━━ Data provided ━━

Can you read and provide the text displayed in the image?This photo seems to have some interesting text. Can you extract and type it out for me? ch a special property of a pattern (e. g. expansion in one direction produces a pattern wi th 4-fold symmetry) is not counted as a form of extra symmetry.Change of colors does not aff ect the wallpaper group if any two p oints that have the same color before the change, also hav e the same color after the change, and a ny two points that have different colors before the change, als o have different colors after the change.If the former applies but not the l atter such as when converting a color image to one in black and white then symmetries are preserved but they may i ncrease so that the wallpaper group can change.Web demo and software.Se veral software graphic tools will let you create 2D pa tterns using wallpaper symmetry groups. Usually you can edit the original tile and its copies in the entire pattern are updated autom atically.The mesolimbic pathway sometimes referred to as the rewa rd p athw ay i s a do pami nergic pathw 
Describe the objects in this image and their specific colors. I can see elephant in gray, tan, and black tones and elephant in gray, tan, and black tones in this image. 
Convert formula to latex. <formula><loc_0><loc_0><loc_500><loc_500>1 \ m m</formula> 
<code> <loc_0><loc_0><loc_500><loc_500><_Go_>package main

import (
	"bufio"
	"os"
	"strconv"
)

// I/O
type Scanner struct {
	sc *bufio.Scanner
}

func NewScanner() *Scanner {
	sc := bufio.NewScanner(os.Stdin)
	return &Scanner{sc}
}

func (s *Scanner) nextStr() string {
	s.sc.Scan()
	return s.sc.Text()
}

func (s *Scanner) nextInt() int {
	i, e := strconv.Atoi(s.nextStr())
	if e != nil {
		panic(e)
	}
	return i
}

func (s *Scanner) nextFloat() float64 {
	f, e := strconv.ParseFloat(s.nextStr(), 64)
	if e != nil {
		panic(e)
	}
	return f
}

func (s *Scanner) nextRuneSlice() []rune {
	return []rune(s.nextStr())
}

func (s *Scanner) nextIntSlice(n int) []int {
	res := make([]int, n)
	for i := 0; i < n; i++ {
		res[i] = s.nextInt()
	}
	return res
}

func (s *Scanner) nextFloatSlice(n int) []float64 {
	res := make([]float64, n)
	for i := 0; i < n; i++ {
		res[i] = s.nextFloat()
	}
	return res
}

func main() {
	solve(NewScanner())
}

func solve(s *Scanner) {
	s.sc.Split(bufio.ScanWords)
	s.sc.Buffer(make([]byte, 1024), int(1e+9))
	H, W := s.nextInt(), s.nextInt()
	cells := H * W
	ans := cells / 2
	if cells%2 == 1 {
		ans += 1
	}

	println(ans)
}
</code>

━━━

Try it | Only the lines from the one containing "return s.sc.Text()" through the end of the records above belong in the answer, each exactly as written.

Task output |
	return s.sc.Text()
}

func (s *Scanner) nextInt() int {
	i, e := strconv.Atoi(s.nextStr())
	if e != nil {
		panic(e)
	}
	return i
}

func (s *Scanner) nextFloat() float64 {
	f, e := strconv.ParseFloat(s.nextStr(), 64)
	if e != nil {
		panic(e)
	}
	return f
}

func (s *Scanner) nextRuneSlice() []rune {
	return []rune(s.nextStr())
}

func (s *Scanner) nextIntSlice(n int) []int {
	res := make([]int, n)
	for i := 0; i < n; i++ {
		res[i] = s.nextInt()
	}
	return res
}

func (s *Scanner) nextFloatSlice(n int) []float64 {
	res := make([]float64, n)
	for i := 0; i < n; i++ {
		res[i] = s.nextFloat()
	}
	return res
}

func main() {
	solve(NewScanner())
}

func solve(s *Scanner) {
	s.sc.Split(bufio.ScanWords)
	s.sc.Buffer(make([]byte, 1024), int(1e+9))
	H, W := s.nextInt(), s.nextInt()
	cells := H * W
	ans := cells / 2
	if cells%2 == 1 {
		ans += 1
	}

	println(ans)
}
</code>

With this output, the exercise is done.